Historic district in Indiana, United States

The Old Silk Stocking Neighborhood is the historic district near downtown Kokomo, Indiana, and the Westside Business District. In 1886, natural gas was discovered in north central Indiana. The area exploded with people, who then developed the neighborhood. This historic area of town was the place where lawyers, doctors, industrialists and even a mayor would come to build their turn of the century residences.

The neighborhood is bounded by Washington Street to the east, Philips Street to the west, Wildcat Creek to the south and Taylor Street to the North.

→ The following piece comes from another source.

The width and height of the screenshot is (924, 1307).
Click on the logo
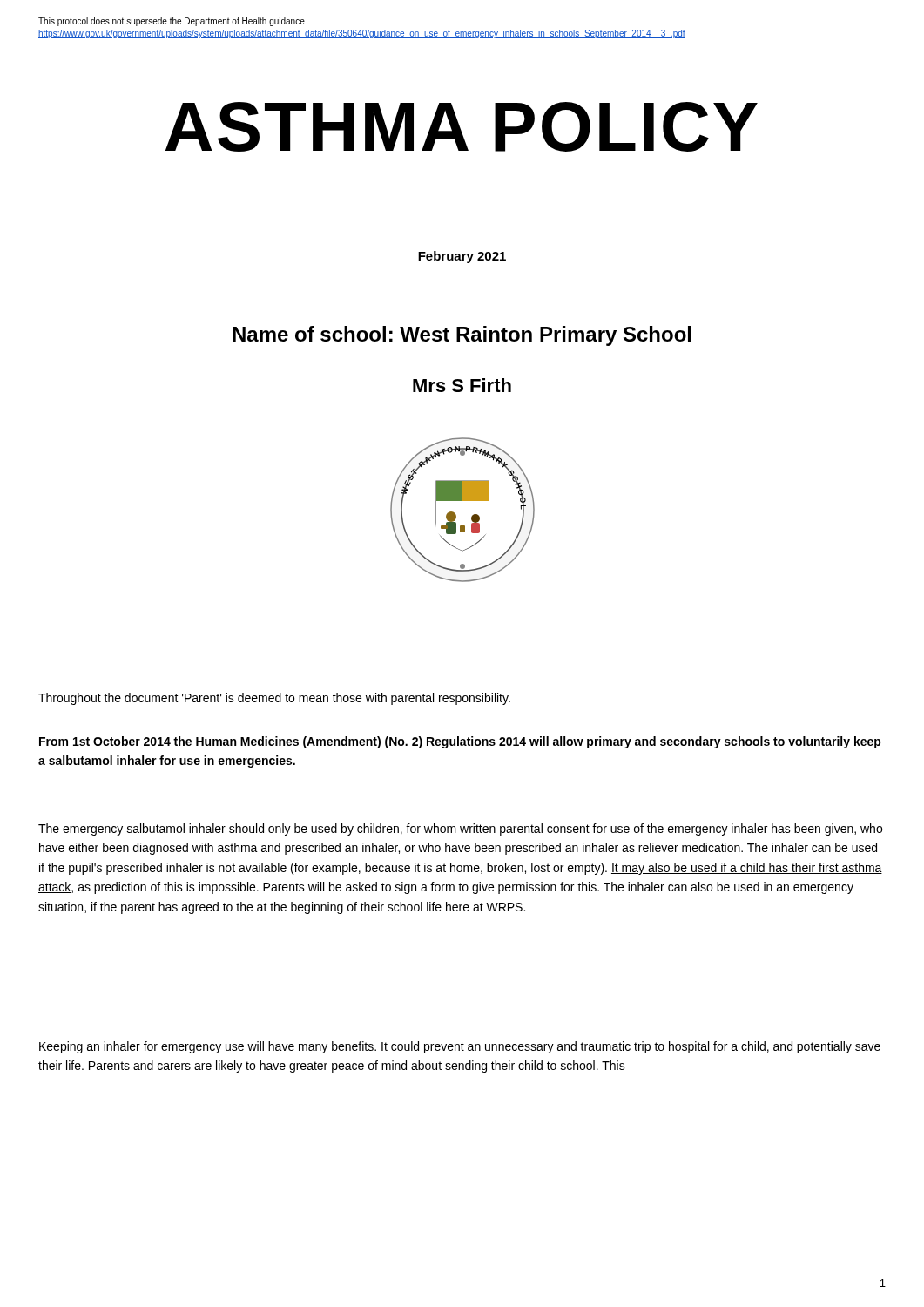462,511

Major roadways traversing through the Old Silk Stocking Neighborhood include Sycamore Street (Indiana State Road 22) running east and west and Washington Street and Philips Street traveling north and south. Recently in 2005, Sycamore Street (SR 22) began a complete redesign resulting in an addition of a center turn lane, as well as old-fashioned lighting and ornamental trees with construction ending in late 2006.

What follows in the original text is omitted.